What the task requires – Search the material below for "object" and copy every line where it occurs.
┄┄┄┄┄┄
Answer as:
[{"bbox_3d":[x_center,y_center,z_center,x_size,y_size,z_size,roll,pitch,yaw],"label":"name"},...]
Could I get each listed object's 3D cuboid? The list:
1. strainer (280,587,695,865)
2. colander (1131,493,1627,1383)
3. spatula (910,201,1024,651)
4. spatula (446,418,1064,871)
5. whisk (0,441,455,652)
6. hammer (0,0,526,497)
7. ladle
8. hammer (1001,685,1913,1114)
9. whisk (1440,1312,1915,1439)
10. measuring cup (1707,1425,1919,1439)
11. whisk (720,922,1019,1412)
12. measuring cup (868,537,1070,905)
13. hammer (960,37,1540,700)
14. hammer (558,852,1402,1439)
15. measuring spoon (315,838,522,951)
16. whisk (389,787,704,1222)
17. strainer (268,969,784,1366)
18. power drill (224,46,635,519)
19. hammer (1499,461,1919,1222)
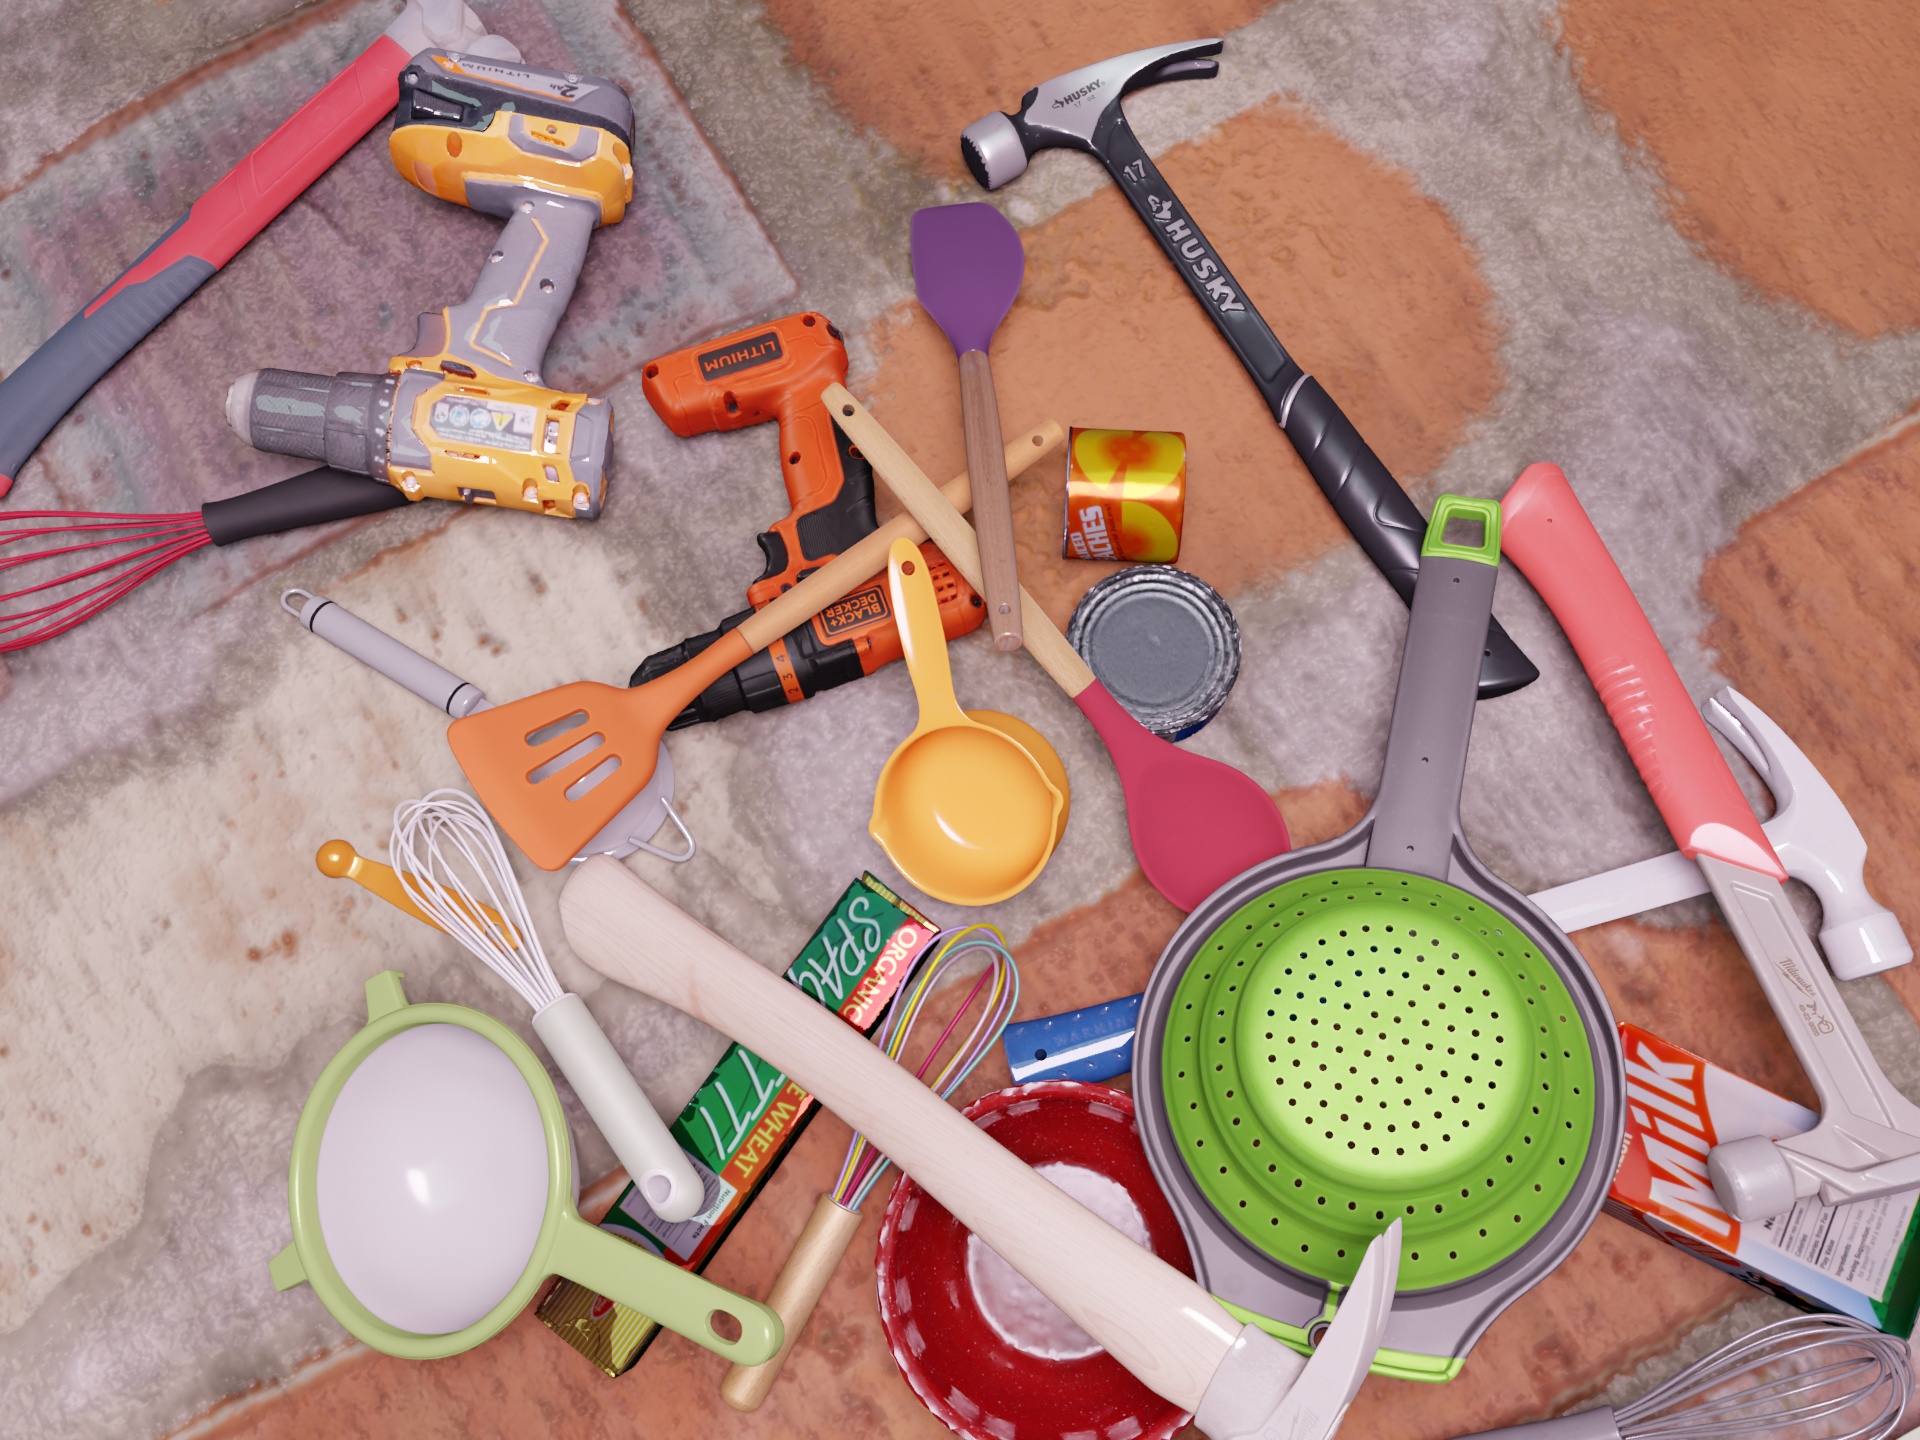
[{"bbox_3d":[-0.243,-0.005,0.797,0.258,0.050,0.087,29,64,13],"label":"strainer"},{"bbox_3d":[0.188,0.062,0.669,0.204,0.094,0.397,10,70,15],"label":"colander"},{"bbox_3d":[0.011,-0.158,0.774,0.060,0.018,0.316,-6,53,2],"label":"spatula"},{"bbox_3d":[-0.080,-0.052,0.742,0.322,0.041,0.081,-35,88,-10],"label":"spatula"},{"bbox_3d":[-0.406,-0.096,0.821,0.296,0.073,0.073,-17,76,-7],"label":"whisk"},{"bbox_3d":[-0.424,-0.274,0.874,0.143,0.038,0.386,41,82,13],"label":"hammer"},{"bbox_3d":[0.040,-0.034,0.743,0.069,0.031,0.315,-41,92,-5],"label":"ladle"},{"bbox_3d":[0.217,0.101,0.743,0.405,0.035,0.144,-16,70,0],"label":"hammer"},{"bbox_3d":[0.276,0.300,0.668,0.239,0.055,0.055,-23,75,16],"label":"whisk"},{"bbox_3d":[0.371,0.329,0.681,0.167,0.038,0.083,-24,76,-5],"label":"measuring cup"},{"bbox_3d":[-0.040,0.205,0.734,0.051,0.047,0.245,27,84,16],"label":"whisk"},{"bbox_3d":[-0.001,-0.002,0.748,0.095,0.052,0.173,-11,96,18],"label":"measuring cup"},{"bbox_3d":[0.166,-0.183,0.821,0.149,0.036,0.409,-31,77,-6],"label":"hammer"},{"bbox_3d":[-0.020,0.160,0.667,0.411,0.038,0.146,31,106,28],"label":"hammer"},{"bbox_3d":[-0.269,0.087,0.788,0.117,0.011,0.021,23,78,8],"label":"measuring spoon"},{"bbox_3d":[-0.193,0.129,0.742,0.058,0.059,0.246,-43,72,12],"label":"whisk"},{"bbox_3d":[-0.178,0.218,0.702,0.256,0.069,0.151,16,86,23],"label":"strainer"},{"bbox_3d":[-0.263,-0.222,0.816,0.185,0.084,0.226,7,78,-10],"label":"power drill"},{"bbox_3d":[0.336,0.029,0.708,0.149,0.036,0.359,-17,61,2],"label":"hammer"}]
┄┄┄┄┄┄
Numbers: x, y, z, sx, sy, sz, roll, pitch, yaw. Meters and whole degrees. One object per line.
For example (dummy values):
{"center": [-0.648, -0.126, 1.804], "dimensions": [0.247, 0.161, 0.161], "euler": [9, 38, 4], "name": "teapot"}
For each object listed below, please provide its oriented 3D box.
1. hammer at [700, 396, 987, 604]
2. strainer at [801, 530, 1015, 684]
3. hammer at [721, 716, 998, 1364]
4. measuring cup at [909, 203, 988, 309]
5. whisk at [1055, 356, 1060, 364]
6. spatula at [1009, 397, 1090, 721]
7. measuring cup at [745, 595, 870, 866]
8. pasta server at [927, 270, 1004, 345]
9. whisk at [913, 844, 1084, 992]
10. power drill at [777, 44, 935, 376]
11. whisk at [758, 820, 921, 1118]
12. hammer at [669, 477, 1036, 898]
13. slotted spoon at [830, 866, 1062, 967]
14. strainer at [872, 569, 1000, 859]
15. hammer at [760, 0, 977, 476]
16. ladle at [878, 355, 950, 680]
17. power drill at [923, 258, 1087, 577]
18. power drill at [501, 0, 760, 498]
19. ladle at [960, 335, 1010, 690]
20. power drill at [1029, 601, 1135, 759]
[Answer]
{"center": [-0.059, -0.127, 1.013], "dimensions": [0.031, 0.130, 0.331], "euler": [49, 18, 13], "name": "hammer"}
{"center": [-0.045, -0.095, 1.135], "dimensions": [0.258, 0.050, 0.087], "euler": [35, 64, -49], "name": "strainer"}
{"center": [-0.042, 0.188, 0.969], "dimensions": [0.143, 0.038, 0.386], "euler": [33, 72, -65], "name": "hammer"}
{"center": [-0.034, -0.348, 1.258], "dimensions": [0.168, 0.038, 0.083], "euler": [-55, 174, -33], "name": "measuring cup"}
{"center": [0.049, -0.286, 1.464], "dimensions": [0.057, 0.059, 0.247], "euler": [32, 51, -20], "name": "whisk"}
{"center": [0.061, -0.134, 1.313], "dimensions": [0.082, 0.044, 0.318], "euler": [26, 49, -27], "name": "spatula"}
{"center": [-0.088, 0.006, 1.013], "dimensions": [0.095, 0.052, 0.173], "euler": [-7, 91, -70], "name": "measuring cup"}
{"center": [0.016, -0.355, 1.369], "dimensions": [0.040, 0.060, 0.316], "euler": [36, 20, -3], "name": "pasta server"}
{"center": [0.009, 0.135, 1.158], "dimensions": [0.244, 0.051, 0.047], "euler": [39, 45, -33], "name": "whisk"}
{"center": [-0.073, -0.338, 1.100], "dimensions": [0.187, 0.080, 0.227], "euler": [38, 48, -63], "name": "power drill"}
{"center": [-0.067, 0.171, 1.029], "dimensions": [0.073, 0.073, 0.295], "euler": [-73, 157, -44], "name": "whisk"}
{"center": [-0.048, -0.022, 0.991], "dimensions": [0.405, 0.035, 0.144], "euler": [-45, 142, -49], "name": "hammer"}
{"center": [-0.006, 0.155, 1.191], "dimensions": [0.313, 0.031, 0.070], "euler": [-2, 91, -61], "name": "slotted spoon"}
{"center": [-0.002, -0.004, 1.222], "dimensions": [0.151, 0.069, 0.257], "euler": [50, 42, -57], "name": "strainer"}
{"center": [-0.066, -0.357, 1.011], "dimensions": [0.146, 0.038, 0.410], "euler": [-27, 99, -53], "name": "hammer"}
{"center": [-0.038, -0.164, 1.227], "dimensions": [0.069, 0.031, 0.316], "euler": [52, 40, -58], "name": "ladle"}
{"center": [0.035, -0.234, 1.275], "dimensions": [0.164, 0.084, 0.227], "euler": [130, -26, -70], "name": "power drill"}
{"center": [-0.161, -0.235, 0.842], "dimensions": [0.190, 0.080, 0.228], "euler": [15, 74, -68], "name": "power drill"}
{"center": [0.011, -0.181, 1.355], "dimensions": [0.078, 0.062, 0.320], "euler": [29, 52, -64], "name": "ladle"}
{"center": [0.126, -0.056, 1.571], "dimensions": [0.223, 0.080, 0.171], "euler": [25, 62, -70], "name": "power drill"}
┄┄┄┄┄┄
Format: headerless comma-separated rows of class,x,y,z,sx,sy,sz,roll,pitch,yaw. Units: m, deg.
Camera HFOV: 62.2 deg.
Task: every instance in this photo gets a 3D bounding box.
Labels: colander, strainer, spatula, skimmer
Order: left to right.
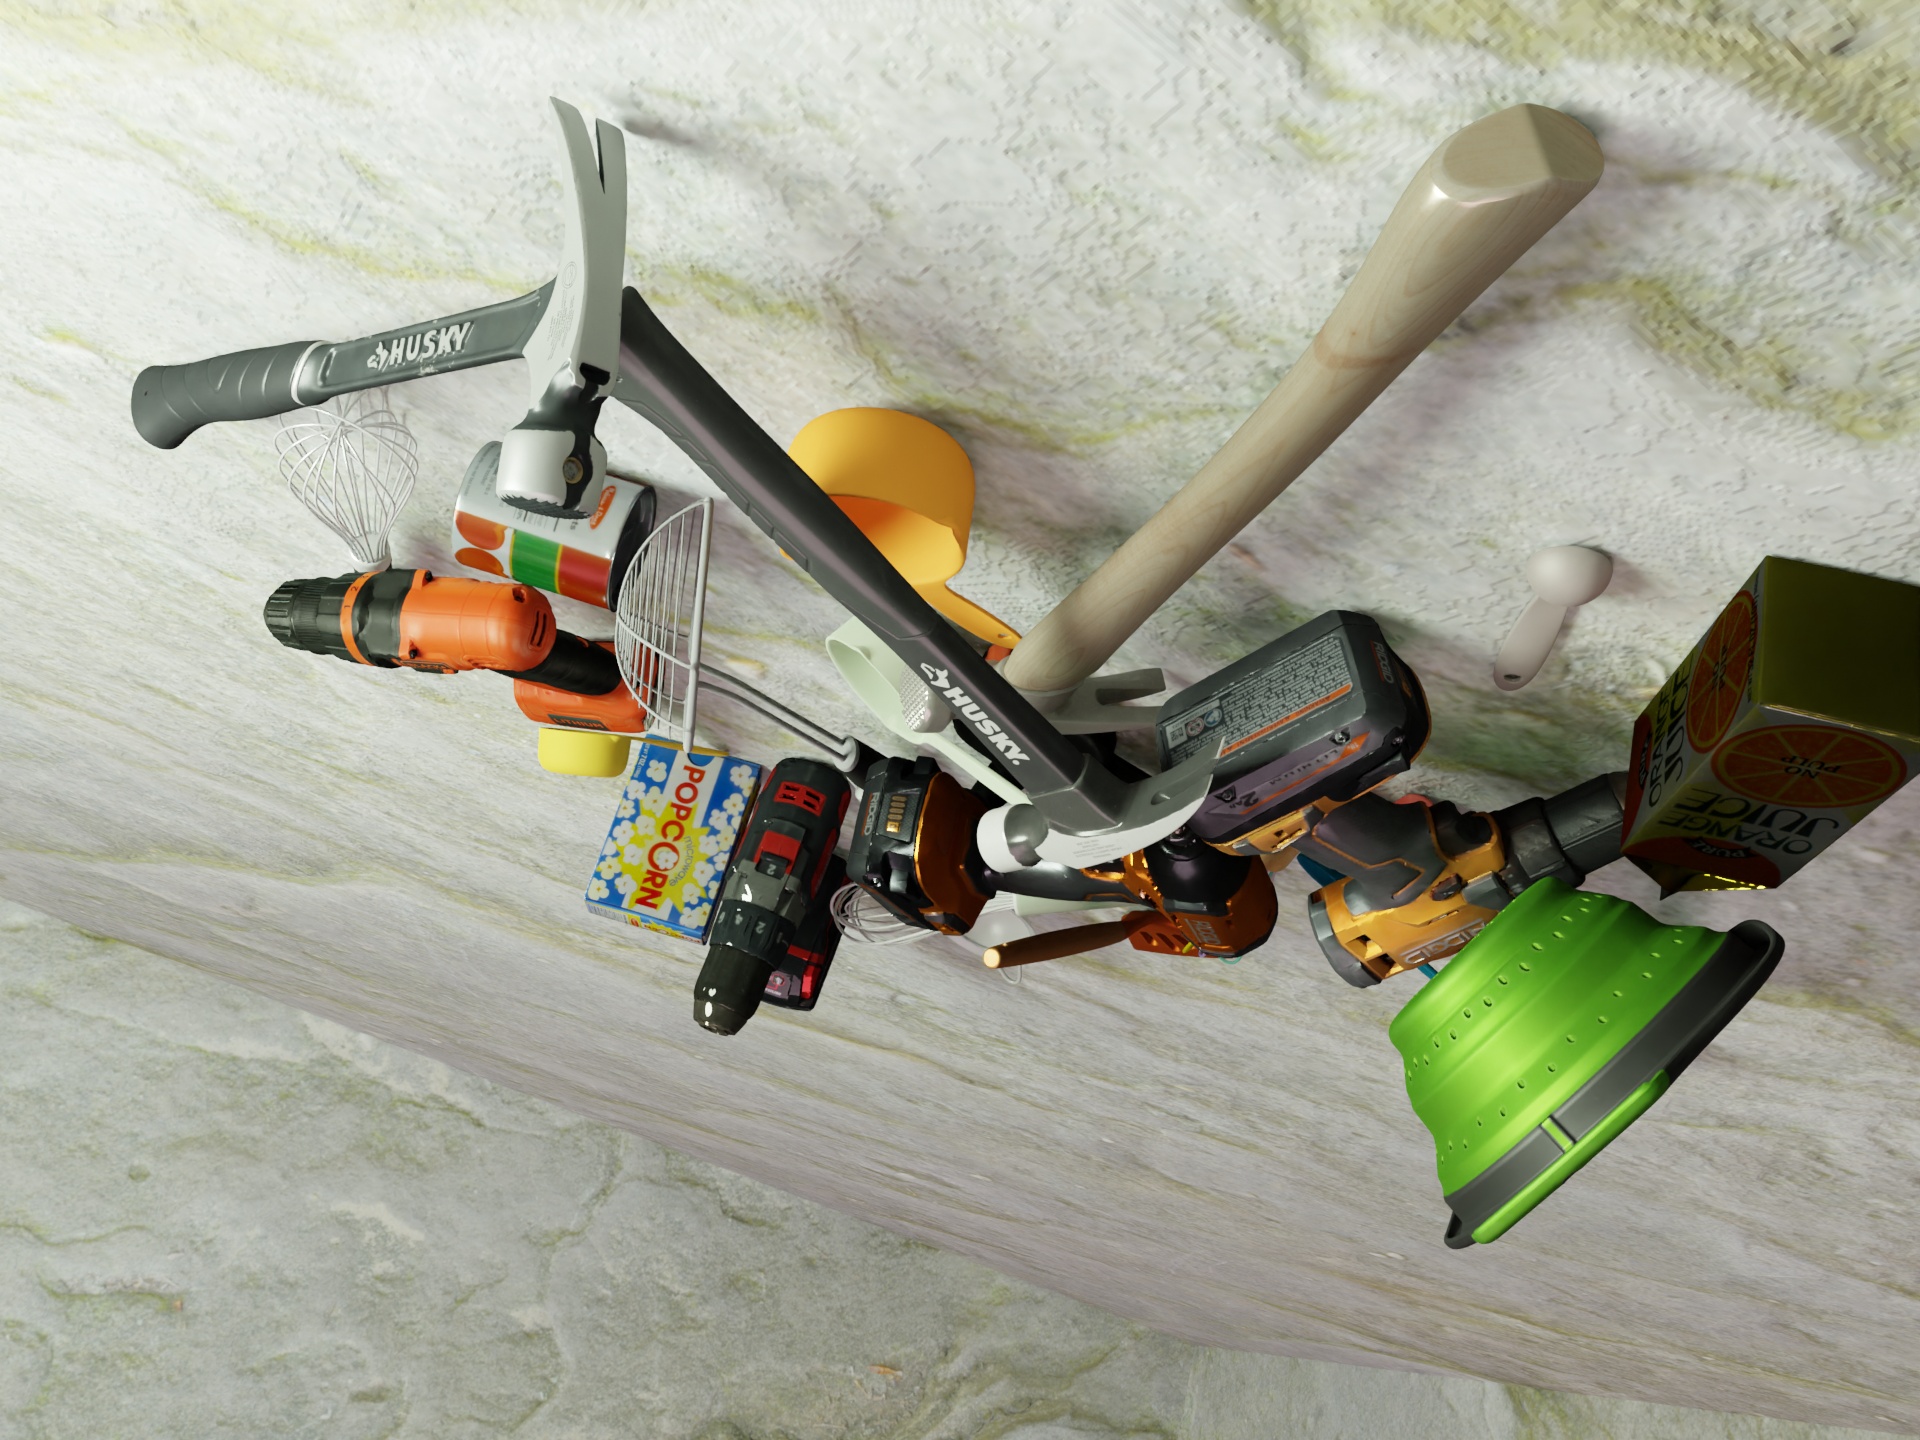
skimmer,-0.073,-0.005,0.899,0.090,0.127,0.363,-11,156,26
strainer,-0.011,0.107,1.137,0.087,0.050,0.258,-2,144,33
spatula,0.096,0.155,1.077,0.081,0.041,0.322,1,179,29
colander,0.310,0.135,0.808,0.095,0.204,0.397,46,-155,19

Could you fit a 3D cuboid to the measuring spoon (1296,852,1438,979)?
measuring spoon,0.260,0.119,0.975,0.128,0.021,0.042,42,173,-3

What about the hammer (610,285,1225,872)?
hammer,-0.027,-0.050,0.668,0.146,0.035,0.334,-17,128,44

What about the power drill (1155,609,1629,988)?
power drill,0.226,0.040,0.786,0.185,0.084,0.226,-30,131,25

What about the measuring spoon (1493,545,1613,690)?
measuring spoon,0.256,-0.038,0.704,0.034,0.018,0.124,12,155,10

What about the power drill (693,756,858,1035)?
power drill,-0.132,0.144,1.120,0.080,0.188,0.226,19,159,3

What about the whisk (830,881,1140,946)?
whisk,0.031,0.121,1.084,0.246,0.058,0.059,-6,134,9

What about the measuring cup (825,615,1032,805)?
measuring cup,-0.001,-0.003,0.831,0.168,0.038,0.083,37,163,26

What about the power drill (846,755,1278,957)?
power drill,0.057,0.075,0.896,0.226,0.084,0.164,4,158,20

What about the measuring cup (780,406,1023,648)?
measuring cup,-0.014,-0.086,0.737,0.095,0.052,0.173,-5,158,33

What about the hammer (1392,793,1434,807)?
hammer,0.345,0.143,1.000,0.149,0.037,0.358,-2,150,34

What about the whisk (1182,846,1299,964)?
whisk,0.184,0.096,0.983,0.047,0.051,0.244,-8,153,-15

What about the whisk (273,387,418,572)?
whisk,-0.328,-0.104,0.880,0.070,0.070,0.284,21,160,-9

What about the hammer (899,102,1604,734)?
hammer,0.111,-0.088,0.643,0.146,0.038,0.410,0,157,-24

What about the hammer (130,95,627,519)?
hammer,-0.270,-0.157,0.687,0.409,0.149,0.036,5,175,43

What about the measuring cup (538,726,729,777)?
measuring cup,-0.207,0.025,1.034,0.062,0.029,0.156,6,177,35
┄┄┄┄┄┄
Exercise answer –
Could I get each listed object's 3D cuboid? The list:
Numbers: x, y, z, sx, sy, sz, roll, pitch, yaw. Meters and whole degrees. One object per line.
For each object listed below, please provide its oriented 3D box.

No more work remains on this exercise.